• Supplied information:
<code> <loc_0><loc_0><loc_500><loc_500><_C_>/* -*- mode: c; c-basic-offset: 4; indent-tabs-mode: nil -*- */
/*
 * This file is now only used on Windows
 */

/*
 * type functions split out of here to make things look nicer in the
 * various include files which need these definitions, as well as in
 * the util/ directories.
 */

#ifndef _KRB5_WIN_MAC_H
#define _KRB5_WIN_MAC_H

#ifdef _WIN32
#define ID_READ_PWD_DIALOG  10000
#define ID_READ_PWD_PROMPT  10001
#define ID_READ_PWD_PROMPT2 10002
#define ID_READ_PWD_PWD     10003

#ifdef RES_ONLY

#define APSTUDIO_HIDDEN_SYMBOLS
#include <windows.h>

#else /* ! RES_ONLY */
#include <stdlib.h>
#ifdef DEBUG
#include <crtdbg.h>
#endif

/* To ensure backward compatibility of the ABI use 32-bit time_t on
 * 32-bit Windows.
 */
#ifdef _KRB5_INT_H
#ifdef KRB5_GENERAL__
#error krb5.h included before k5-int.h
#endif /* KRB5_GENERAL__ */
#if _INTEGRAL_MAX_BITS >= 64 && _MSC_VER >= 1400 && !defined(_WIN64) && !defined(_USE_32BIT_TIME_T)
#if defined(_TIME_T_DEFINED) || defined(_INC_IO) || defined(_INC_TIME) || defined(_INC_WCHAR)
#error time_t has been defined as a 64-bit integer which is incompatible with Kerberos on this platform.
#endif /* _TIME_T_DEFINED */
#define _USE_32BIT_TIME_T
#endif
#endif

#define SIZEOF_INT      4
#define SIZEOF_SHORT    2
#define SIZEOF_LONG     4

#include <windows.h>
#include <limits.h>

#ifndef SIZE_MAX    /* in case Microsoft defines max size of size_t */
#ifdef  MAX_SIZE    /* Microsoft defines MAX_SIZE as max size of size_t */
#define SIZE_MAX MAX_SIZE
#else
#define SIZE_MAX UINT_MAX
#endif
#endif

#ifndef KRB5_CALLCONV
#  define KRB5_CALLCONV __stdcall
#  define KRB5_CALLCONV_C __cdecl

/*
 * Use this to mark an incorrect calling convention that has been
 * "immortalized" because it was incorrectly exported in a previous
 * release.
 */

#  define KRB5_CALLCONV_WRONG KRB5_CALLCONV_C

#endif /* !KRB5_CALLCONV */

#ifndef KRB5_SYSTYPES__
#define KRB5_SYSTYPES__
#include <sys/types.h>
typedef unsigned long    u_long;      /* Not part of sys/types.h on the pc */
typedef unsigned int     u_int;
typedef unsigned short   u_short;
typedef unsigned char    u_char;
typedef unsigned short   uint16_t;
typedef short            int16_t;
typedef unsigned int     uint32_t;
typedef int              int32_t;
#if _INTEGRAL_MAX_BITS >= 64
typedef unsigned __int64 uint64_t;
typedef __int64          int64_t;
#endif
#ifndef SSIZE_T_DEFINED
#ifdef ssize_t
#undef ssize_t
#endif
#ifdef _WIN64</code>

...

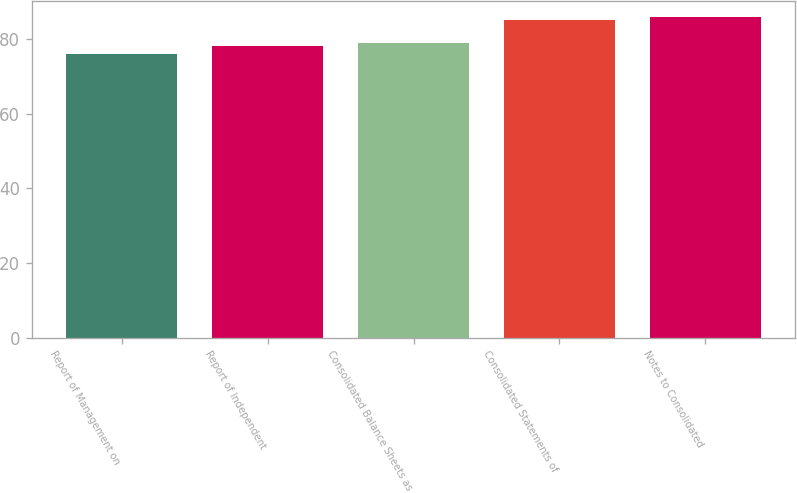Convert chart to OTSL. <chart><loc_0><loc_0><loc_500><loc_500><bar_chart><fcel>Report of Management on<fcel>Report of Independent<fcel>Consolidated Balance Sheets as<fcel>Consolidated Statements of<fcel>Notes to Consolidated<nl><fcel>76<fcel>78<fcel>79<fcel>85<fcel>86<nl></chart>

• Instructions to follow:
Above is a listing; print exactly its lines from the one with "<code> <loc_0><loc_0><loc_500><loc_500><_C_>/* -*- mode: c;" through the one with "#ifdef _WIN32", and no other lines.

• Solved exercise:
<code> <loc_0><loc_0><loc_500><loc_500><_C_>/* -*- mode: c; c-basic-offset: 4; indent-tabs-mode: nil -*- */
/*
 * This file is now only used on Windows
 */

/*
 * type functions split out of here to make things look nicer in the
 * various include files which need these definitions, as well as in
 * the util/ directories.
 */

#ifndef _KRB5_WIN_MAC_H
#define _KRB5_WIN_MAC_H

#ifdef _WIN32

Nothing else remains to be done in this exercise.